This example shows how to compile a Java Map/Reduce program and programmatically submit it to a BigInsights cluster and wait for the job response. An example use cases for programmatically running Map/Reduce jobs on the BigInsights cluster is a client application that needs to process data in BigInsights and send the results of processing to a third party application. Here the client application could be an ETL tool job, a Microservice, or some other custom application.
This example uses Apache Oozie to run and monitor the Map/Reduce job. Oozie is a workflow scheduler system to manage Apache Hadoop jobs.
BigInsights for Apache Hadoop clusters are secured using Apache Knox. Apache Knox is a REST API Gateway for interacting with Apache Hadoop clusters.
This example uses cURL to interact with the REST API. This is useful for developers to understand the REST API so they can emulate the REST calls using their programming language features.
See also:
- Oozie Map/Reduce Groovy Example
- Oozie Map/Reduce Cookbook
- BigInsights Apache Knox documentation
- BigInsights Oozie documentation
Developers will gain the most from these examples if they are:
- Comfortable using Windows, OS X or *nix command prompts
- Familiar with compiling and running java applications
- Able to read code written in a high level language such as Groovy
- Familiar with the Gradle build tool
- Familiar with Map/Reduce concepts
- Familiar with Oozie concepts
- Familiar with the WebHdfsGroovy Example
- You meet the pre-requisites in the top level README
- You have followed the setup instructions in the top level README
- You have bash, cURL, grep, perl, and tr unix tools installed.
This example consists of three parts:
- WordCount.java - Map/Reduce Java code
- MapReduce.sh - Bash script to submit the Map/Reduce job to Oozie
- build.gradle - Gradle script to compile and package the Map/Reduce code and execute the Example.groovy script
To run the example, open a command prompt window:
- change into the directory containing this example and run gradle to execute the example
./gradlew Example
(OS X / *nix)gradlew.bat Example
(Windows)
- some output from running the command on my machine is shown below
biginsight-bluemix-docs $ cd examples/OozieWorkflowMapReduceCurl
biginsight-bluemix-docs/examples/OozieWorkflowMapReduceCurl $ ./gradlew Example
:compileJava UP-TO-DATE
:processResources UP-TO-DATE
:classes UP-TO-DATE
:jar UP-TO-DATE
:Example
Successfully created directory /user/snowch/test-1469804930
Successfully created directory /user/snowch/test-1469804930/input
Successfully uploaded workflow-definition.xml
Successfully uploaded samples/hadoop-examples.jar
Successfully uploaded LICENSE
Submitted oozie job. jobid: 0000017-160728151859109-oozie-oozi-W
status: RUNNING
status: RUNNING
status: RUNNING
status: OK
"AS 2
"Contribution" 1
"Contributor" 1
"Derivative 1
"Legal 1
"License" 1
"License"); 1
"Licensor" 1
"NOTICE" 1
"Not 1
"Object" 1
...
your 4
{name 1
{yyyy} 1
HTTP/1.1 200 OK
>> MapReduce test was successful.
BUILD SUCCESSFUL
Total time: 47.996 secs
The output above shows:
- the steps performed by gradle (command names are prefixed by ':' such as :compileJava)
- the steps performed by the MapReduce.sh script
- the Map/Reduce output which is the count of the number of times each word is seen in an Apache 2.0 License file
The examples uses a gradle build file build.gradle when you run ./gradlew
or gradle.bat
. The build.gradle does the following:
- compile the Map/Reduce code.
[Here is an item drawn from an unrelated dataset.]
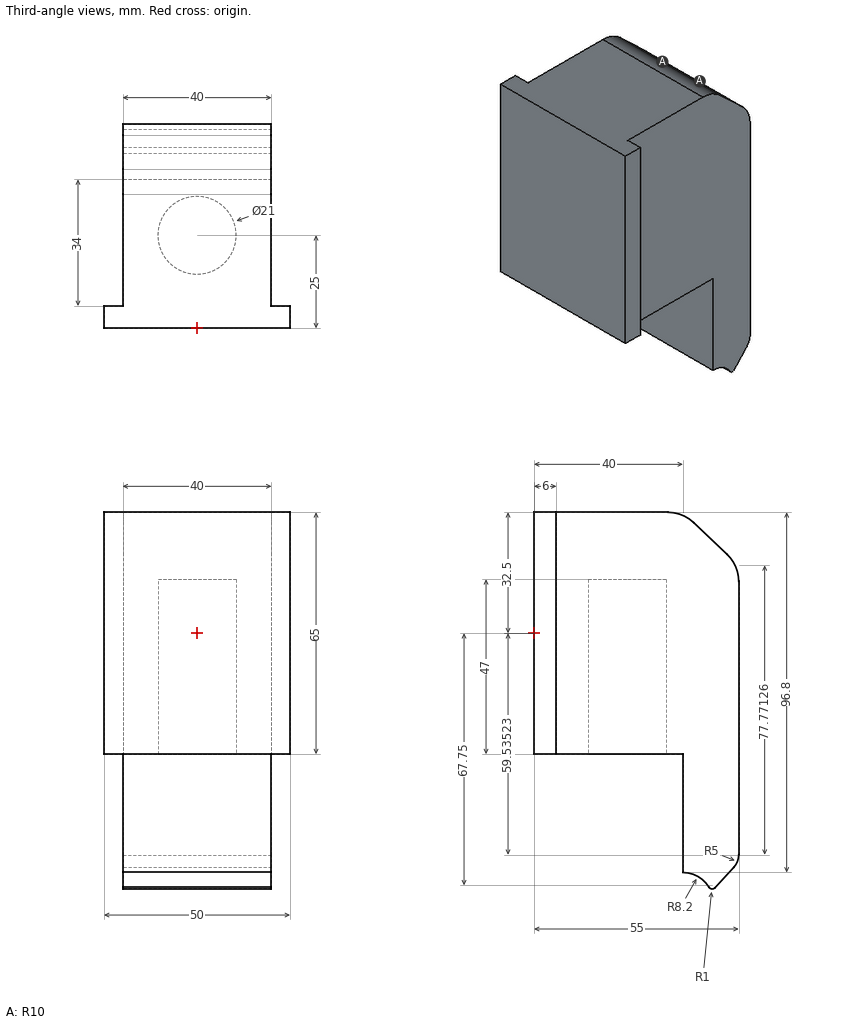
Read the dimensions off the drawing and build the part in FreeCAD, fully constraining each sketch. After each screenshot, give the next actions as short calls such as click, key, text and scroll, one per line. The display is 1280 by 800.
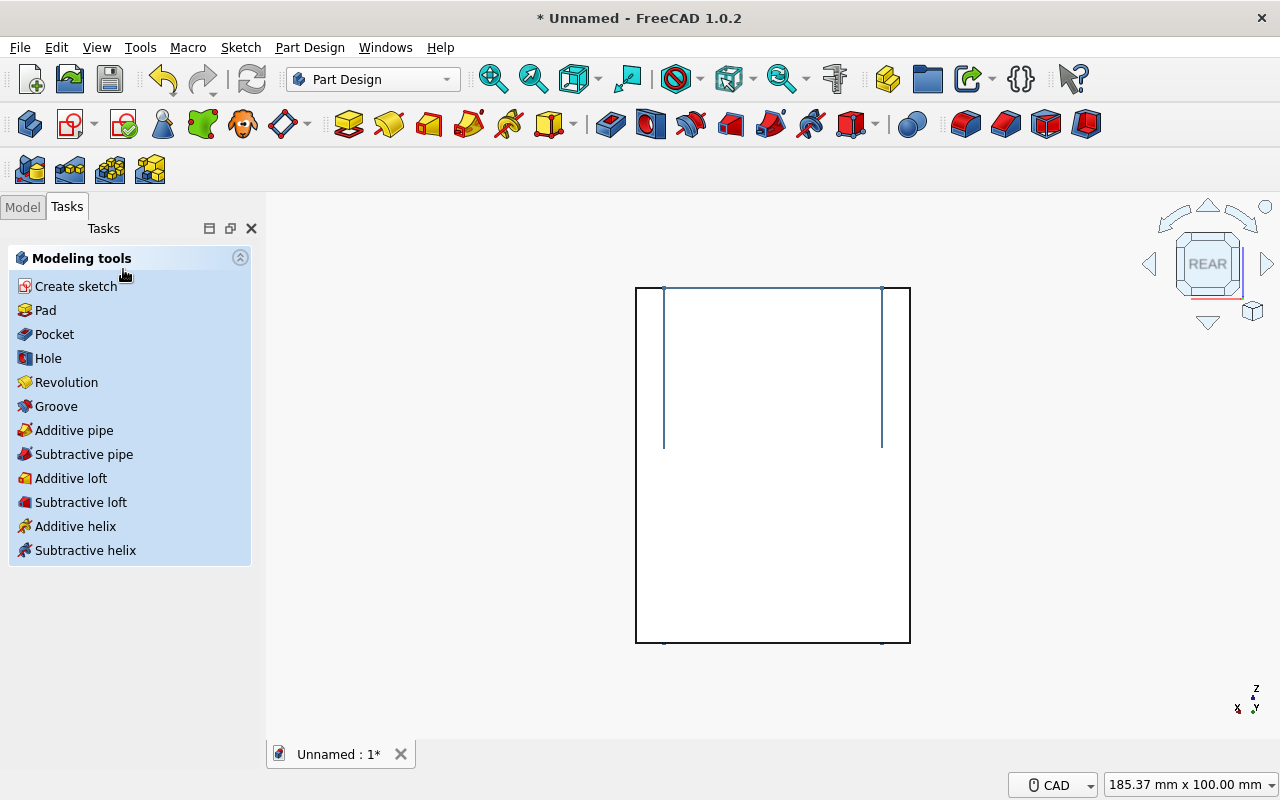
click(350, 124)

The
apply plugin: 'java'
statement controls this more info. - create a Jar file with the compiled Map/Reduce code. The
jar { ... }
statement controls this more info. - execute the MapReduce.sh script. The
task('Example' ...)
statement controls this more info
The MapReduce.sh script performs the following:
- Create an Oozie workflow XML document
- Create an Oozie configuration XML document
- Create a HTTP session on the BigInsights Knox REST API
- Upload the workflow XML file over WebHDFS
- Upload an Apache 2.0 LICENSE file over WebHDFS
- Upload the jar file (containing the Map/Reduce code) over WebHDFS
- Submit the Oozie workflow job using Knox REST API for Oozie
- Every second, check the status of the Oozie workflow job using Knox REST API for Oozie
- When the Oozie workflow job successfully finishes, download the wordcount output from the Map/Reduce job
All code is well commented and it is suggested that you browse the source code to understand in more detail how they work.